Monika Rawal Kukreja of Hindustan Times wrote, "It's a one-time watch and if nothing else, enjoy the music." Ronak Kotecha of The Times of India rated the film 3.5 out of 5 stars and wrote, "Kuttey starts off with a bang and keeps powering its screenplay with interestingly dark, sharp and self-centred characters". He added "it's easy to pick your favourite. Tabu tops the list her pitch is perfect and appears effortless, Kapoor has more to do, and the actor delivers an honest performance while Naseeruddin Shah, Konkana, Radhika, Shardul and Kumud make their limited time on screen count".
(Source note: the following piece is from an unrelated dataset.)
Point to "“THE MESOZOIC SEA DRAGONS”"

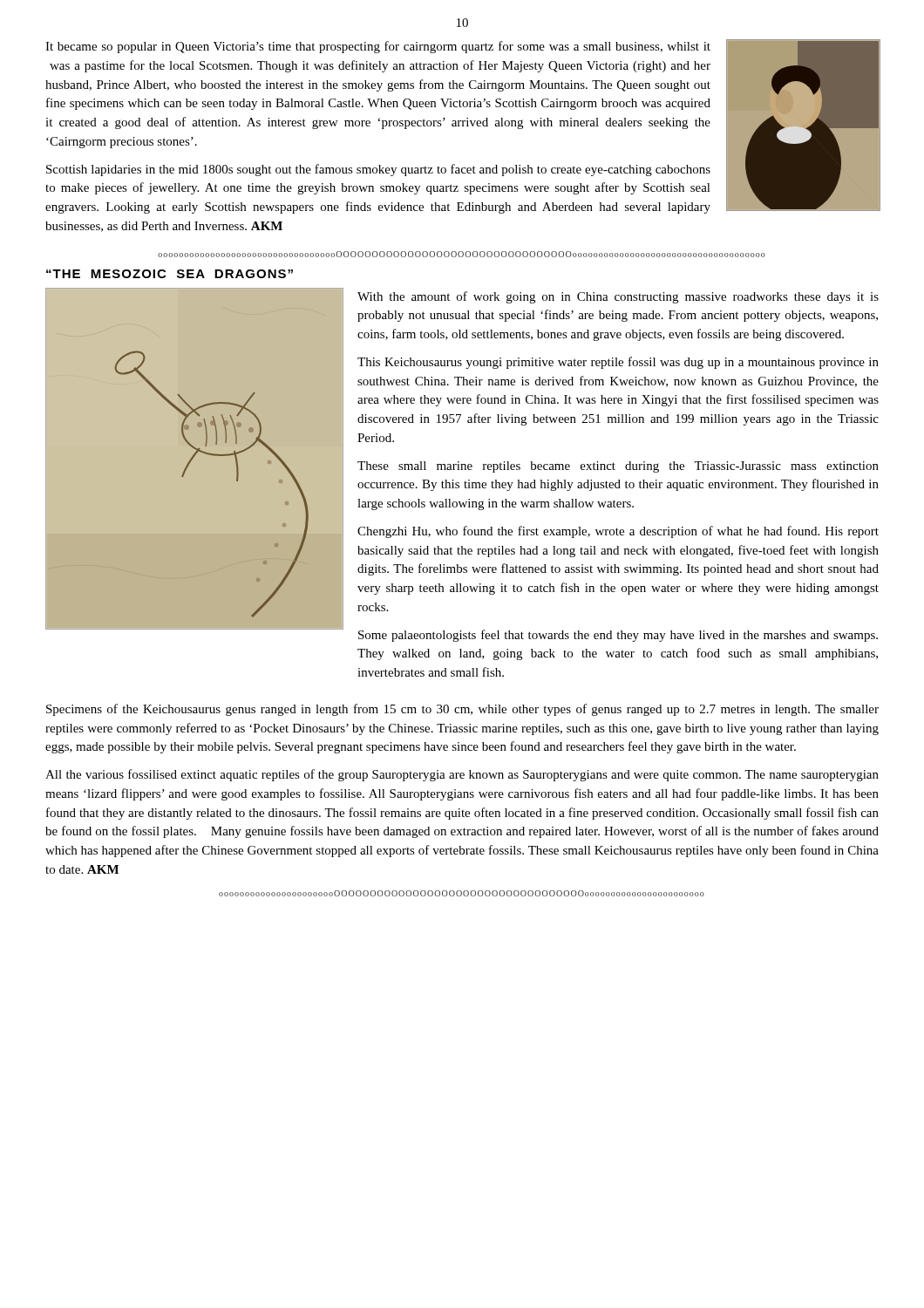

Zinia Bandyopadhyay of India Today rated the film 3 out of 5 stars and wrote, "Kuttey is best enjoyed if you have a knack for dark and wry humour. However, if gore is not your cup of tea, it is best to steer clear from this one. The performances are indeed the strong suit in the film Mishra and Kapoor both will leave you impressed, Tabu, steals the show, Madan is delight to watch, Naseerudin and Konkona’s extended cameo, sets the mood wish they had more screen time". Avinash Lohana of Pinkvilla rated the film 3 out of 5 stars and wrote, "Kuttey does entertain and enthral, but in parts. The film was capable of a lot more and doesn’t optimise its potential. Kapoor gives a sincere performance, Tabu, Konkona, Kumud delivered controlled performance which leaves an impact, Radhika and Shardul shine in their respective roles".

Bollywood Hungama rated the film 3 out of 5 stars and wrote, "Kuttey rests on an interesting concept and strong performances but suffers from excessive violence and usage of cuss words". Saibal Chatterjee of NDTV rated the film 3 out of 5 stars and wrote, "Kuttey is a film that certainly does not bark up the wrong tree. On performances she highlighted Tabu's work, who delivers unblemished performance, and admirably supported well by Mishra, Kapoor, Madan and Bharadwaj go along with the flow of the wild tale without missing a beat, while Naseeruddin Shah and Konkona Sen do full justice to their limited roles". Anna M. M. Vetticad of Firstpost rated it 2 out of 5 stars and wrote, "Kuttey needed some meat to bark. The film doesn’t have a very convincing storyline the unnecessary violence, use of cuss words and a huge waste of some good craftsmen".